Not every bad outcome in an Ontario emergency department is the result of negligence. Emergency medicine is genuinely difficult, and even excellent clinicians make decisions in conditions of irreducible uncertainty. We have written separately about why many medical malpractice cases are declined in Ontario, and the analysis there applies fully to ED cases. The framework for case evaluation includes the standard of care analysis, the causation analysis, the damages analysis, and the framework for expert evidence. Where any of these dimensions is not satisfied, the framework typically does not support the case.

That said, a serious harm following an emergency department visit (a stroke that was missed, a sepsis that was sent home, a perforated viscus that was not investigated, a baby who was harmed because a transfer or consult never happened) deserves a careful legal review. There is a two-year limitation period in Ontario for most claims under the Limitations Act, 2002, with a strict two-year period under the Trustee Act for estate claims arising from death. Important evidence can be lost quickly. The earlier the case is reviewed, the better the framework for case evaluation can operate.

For more on the broader civil framework for medical malpractice claims, see Suing for Medical Malpractice in Ontario: What You Need to Know. For the framework for regulatory complaints (which operates separately from civil litigation), see A Patient’s Guide to Making Complaints About Health Care in Ontario.

If you or a family member have suffered serious injury or lost a loved one following an emergency department visit in Ontario, please contact our office for a free consultation. We will tell you honestly whether your case is one we can help with.

A final thought

The Auditor General’s reports document a system under serious strain. The framework of care that emergency physicians, nurses, and institutions are operating in is not the framework of textbook emergency medicine. It is operationally pressured, resource-constrained, and structurally difficult.

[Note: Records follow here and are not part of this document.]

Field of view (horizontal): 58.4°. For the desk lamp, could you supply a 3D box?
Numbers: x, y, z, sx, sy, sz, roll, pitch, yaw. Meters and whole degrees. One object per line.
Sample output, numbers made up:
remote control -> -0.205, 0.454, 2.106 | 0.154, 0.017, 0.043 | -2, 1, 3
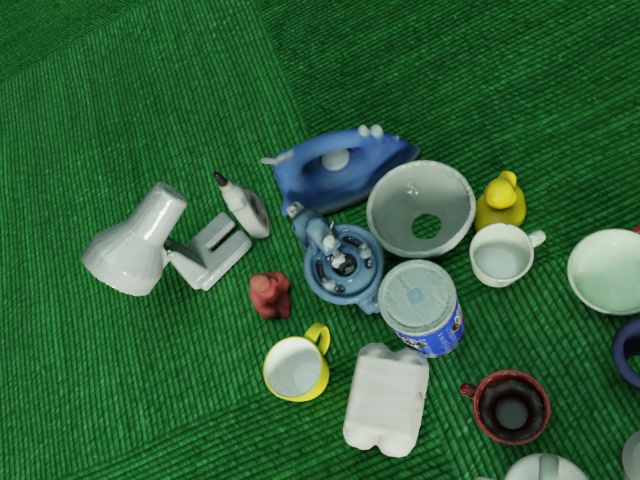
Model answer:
desk lamp -> -0.250, 0.006, 0.942 | 0.203, 0.214, 0.117 | -45, 60, -4

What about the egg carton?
egg carton -> 0.094, 0.223, 0.807 | 0.107, 0.069, 0.150 | 5, 69, 21

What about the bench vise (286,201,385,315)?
bench vise -> 0.001, 0.013, 0.847 | 0.206, 0.220, 0.121 | 28, 78, 28

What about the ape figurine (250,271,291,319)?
ape figurine -> -0.085, 0.081, 0.921 | 0.076, 0.092, 0.078 | 29, 79, 28

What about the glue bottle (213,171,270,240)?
glue bottle -> -0.134, -0.067, 0.958 | 0.037, 0.173, 0.078 | -23, 61, 9

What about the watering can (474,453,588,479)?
watering can -> 0.265, 0.292, 0.644 | 0.172, 0.194, 0.101 | -16, 62, 12

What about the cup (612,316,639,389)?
cup -> 0.421, 0.144, 0.713 | 0.117, 0.095, 0.091 | -21, 62, 9

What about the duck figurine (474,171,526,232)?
duck figurine -> 0.269, -0.055, 0.861 | 0.077, 0.086, 0.105 | 21, 75, 26

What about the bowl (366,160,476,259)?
bowl -> 0.160, -0.037, 0.898 | 0.167, 0.075, 0.167 | -7, 65, 16

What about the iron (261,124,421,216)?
iron -> 0.033, -0.138, 0.949 | 0.258, 0.142, 0.118 | -20, 62, 10

The framework of legal liability does not change because of these realities. The framework continues to ask the same questions: what did the physician or nurse know or reasonably ought to have known; what would a reasonable specialist have done in the circumstances; was the framework of care provided consistent with the standard; did the substandard care cause the harm. Where the answers support a claim, the framework supports the patient’s right to compensation regardless of the systemic context.

This calibration is sometimes uncomfortable. Physicians and nurses who are working extraordinary shifts under pressure can feel that the framework does not adequately recognize the circumstances they operate in. The framework’s response is that the standard exists precisely to protect patients, and that systemic problems cannot be allowed to become a defence to substandard care. Where the system has failed, the framework places the loss on the parties who are positioned to effect change, not on the patient who has already lost the most.

If the systemic problems are to be addressed, the framework needs to remain firm. Where the standard of care has been breached and harm has followed, the framework supports the claim.